Libreville mobilise 4 pays pour contrer un fléau qui pille 3 milliards USD de forêts chaque année
Du 18 au 22 mai 2026, Libreville accueille un atelier multilatéral de renforcement des capacités consacré à la lutte contre le commerce illicite de bois. Organisé par les États-Unis en partenariat avec le ministère des Eaux et Forêts du Gabon, l’événement marque un tournant dans la coopération environnementale internationale.
Pour la première fois, la rencontre réunit simultanément des pays producteurs comme le Gabon et le Cameroun, un centre majeur de transformation et de transit avec le Viet Nam, ainsi que les principaux pays consommateurs représentés par les États-Unis.
L’initiative associe acteurs industriels et services douaniers pour couvrir l’intégralité de la chaîne d’approvisionnement, de l’exploitation forestière jusqu’à la distribution finale. L’objectif est d’assainir les flux commerciaux mondiaux et de faire respecter les réglementations internationales, notamment le Lacey Act américain.
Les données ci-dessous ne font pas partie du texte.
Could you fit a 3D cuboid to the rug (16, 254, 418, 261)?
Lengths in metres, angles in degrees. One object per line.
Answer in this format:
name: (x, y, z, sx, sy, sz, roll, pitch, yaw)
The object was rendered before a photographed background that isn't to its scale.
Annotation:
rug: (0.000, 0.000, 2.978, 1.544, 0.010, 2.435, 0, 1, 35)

Un programme axé sur l’expertise et le terrain
Pendant cinq jours, les experts travailleront sur la traçabilité, le renforcement des procédures douanières, les stratégies d’application de la loi et le perfectionnement des techniques d’enquête et de poursuites coordonnées.
L’atelier prévoit aussi des visites de terrain dans des concessions forestières gabonaises, des unités de transformation et des installations portuaires afin de confronter les stratégies aux réalités opérationnelles.
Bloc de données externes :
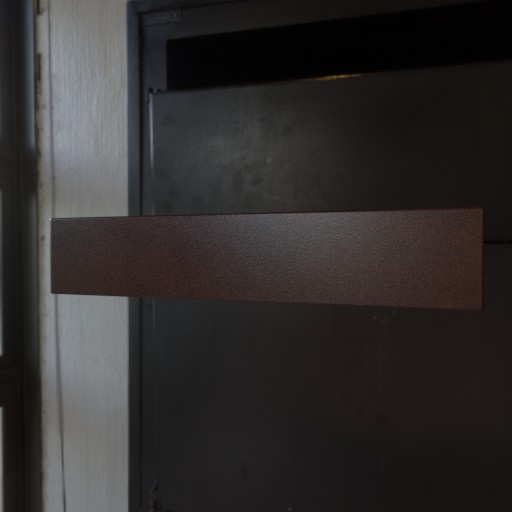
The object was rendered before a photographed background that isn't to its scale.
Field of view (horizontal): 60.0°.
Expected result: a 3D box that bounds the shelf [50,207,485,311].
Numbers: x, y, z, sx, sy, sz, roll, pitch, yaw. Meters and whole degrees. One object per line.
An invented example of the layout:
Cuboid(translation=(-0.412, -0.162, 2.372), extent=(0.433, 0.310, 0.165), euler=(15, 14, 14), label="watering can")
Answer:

Un enjeu économique et sécuritaire majeur
Le trafic de bois constitue la troisième forme de criminalité transnationale organisée la plus lucrative au monde, après la contrefaçon et les stupéfiants. Il prive les producteurs légaux et les États de milliards de dollars de revenus chaque année, alimentant la déforestation et l’instabilité dans les bassins forestiers.